For questions involving divisibility, divisors, factors and multiples, we can say:
If N is a factor by k, then k is "hiding" within the prime factorization of N
Consider these examples:
3 is a factor of 24, because 24 = (2)(2)(2)(3), and we can clearly see the 3 hiding in the prime factorization.
Likewise, 5 is a factor of 70 because 70 = (2)(5)(7)
And 8 is a factor of 112 because 112 = (2)(2)(2)(2)(7)
And 15 is a factor of 630 because 630 = (2)(3)(3)(5)(7)
---------------ASIDE #2--------------------------------------
IMPORTANT CONCEPT: The prime factorization of a perfect square will have an even number of each prime
For example: 400 is a perfect square.
400 = 2x2x2x2x5x5. Here, we have four 2's and two 5's
This should make sense, because the even number of primes allows us to split the primes into two EQUAL groups to demonstrate that the number is a square.

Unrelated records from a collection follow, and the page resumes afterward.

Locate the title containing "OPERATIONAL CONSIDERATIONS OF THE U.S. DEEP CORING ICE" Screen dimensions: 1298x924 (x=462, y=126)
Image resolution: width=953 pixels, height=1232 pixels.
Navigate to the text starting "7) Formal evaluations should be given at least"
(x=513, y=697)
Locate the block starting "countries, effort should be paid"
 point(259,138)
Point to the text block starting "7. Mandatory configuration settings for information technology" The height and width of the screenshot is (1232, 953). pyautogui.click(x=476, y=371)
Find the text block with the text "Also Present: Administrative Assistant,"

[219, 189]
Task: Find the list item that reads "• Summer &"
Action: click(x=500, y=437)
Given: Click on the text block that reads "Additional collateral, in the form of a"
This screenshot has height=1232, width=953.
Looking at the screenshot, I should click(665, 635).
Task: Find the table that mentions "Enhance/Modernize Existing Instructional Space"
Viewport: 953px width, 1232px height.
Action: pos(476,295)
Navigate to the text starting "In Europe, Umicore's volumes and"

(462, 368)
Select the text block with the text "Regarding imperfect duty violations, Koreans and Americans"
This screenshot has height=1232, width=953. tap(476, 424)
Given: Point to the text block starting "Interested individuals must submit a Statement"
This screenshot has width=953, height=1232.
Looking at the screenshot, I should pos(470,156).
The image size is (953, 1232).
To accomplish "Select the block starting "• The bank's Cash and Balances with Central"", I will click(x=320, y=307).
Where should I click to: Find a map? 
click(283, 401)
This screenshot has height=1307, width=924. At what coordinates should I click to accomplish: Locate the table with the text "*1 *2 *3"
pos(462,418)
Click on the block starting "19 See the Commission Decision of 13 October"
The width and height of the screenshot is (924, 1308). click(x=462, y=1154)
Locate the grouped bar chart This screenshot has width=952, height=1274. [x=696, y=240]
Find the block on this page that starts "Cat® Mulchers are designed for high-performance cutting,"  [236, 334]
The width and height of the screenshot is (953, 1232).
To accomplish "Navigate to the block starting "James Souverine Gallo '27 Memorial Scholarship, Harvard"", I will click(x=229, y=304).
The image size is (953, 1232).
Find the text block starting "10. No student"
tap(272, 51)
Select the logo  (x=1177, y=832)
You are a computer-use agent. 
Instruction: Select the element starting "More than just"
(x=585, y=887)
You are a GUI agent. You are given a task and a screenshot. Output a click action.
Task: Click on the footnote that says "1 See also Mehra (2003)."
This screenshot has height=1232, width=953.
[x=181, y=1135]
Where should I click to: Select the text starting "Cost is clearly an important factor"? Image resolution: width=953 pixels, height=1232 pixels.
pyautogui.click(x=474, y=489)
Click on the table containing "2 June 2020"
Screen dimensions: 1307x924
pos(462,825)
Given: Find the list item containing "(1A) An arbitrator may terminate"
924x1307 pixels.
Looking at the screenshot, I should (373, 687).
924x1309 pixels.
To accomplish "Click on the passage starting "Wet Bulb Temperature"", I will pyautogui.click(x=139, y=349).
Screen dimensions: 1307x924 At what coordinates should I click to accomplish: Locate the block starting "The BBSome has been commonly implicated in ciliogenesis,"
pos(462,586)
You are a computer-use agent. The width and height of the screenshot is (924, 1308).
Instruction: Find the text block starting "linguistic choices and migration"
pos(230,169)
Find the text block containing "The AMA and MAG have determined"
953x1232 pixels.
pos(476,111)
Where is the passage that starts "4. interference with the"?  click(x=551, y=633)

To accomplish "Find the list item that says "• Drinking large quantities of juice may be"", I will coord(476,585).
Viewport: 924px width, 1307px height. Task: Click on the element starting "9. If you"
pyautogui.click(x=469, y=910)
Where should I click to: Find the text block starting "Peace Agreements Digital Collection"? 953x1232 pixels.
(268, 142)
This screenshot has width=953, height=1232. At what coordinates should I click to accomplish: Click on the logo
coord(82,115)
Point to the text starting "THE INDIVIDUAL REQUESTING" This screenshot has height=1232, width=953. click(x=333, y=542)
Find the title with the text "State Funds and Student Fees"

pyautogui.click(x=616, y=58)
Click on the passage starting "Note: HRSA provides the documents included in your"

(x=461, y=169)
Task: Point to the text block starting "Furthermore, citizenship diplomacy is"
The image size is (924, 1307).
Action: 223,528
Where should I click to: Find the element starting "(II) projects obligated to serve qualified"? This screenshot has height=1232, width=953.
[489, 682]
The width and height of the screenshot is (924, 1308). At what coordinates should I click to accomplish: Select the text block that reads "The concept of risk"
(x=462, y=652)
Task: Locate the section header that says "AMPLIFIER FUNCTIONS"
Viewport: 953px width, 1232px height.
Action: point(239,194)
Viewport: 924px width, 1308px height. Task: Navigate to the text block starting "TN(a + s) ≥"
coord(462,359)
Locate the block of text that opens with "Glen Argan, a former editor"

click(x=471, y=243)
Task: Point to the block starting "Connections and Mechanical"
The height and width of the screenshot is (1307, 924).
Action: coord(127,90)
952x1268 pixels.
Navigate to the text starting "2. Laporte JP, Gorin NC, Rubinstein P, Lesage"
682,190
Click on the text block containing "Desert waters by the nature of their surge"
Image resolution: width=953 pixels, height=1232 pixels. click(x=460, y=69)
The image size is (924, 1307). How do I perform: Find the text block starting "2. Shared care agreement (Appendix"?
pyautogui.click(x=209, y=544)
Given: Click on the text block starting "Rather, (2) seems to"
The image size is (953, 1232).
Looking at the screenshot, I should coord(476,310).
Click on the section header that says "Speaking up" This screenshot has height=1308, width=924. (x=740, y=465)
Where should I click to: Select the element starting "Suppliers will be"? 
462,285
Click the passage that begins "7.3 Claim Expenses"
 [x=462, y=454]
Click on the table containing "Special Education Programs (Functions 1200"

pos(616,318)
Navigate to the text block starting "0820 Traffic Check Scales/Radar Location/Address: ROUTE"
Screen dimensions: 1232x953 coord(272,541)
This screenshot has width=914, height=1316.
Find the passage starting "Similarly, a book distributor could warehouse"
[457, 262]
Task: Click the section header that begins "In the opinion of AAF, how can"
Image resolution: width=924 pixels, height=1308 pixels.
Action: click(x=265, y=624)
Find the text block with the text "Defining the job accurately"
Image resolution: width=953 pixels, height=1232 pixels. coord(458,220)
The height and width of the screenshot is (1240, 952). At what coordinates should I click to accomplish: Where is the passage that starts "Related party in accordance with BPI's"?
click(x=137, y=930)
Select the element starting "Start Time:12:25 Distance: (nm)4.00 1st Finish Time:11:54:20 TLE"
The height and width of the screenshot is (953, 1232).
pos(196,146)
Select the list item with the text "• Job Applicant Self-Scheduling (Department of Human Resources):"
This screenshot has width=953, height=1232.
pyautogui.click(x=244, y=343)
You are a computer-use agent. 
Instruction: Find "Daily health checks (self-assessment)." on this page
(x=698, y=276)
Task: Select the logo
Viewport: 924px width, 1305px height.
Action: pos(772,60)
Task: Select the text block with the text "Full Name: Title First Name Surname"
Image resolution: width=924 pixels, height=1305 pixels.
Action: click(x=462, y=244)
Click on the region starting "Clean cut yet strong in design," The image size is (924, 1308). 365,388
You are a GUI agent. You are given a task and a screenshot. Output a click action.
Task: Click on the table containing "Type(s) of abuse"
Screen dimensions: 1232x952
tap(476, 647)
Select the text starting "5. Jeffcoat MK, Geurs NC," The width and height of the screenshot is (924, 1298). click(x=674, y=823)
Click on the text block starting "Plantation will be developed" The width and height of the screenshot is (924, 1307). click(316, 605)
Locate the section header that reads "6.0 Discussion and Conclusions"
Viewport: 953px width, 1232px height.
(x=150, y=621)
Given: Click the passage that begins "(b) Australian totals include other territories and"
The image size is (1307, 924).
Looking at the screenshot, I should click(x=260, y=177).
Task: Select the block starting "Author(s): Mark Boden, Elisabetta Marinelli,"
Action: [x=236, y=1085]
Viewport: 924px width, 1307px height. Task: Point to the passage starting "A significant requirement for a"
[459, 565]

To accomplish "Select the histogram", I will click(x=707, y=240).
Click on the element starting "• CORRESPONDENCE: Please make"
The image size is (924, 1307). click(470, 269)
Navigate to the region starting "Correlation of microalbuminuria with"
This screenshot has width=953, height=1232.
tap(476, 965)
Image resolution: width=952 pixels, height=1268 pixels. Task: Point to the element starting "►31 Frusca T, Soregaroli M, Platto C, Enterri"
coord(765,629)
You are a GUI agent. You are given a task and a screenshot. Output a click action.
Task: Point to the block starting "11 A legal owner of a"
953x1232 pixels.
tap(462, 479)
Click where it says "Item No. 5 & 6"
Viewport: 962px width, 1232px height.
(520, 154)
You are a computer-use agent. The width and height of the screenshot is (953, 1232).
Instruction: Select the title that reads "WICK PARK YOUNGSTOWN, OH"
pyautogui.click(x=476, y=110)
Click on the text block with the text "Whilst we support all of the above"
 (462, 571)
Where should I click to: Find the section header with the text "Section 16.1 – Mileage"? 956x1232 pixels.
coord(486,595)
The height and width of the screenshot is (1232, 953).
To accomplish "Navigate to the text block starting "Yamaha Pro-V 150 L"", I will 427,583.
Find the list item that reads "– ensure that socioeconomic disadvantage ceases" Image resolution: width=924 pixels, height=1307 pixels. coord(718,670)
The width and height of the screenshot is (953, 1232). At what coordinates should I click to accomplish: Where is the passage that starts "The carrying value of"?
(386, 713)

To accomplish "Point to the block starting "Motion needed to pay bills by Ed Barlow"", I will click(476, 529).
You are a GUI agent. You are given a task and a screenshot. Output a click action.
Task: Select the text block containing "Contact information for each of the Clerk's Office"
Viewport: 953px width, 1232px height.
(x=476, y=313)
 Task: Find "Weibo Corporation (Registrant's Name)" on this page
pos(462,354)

For example: 400 = 2x2x2x2x5x5 = (2x2x5)(2x2x5) = (2x2x5)²
Likewise, 576 is a perfect square.
576 = 2x2x2x2x2x2x3x3 = (2x2x2x3)(2x2x2x3) = (2x2x2x3)²
--------NOW ONTO THE QUESTION!------------------
Given: n² is divisible by 72 (in other words, there's a 72 hiding in the prime factorization of n²)
So, n² = (2)(2)(2)(3)(3)(?)(?)(?)(?)(?)... [the ?'s represent other possible primes in the prime factorization of n²]
Since we have an ODD number of 2's in the prime factorization, we can be certain that there is at least one more 2 in the prime factorization.
So, we know that n² = (2)(2)(2)(3)(3)(2)(?)(?)(?)(?)
So, while there MIGHT be tons of other values in the above prime factorization, we do know that there MUST BE at least four 2's and two 3's.
Now do some grouping to get: n² = [(2)(2)(3)(?)(?)...][(2)(2)(3)(?)(?)...]
From this we can see that n = (2)(2)(3)(?)(?)...
Question: What is the largest positive integer that must divide n?
(2)(2)(3) = 12.
So, the largest positive integer that must divide n is 12
Answer: B
Cheers,
Brent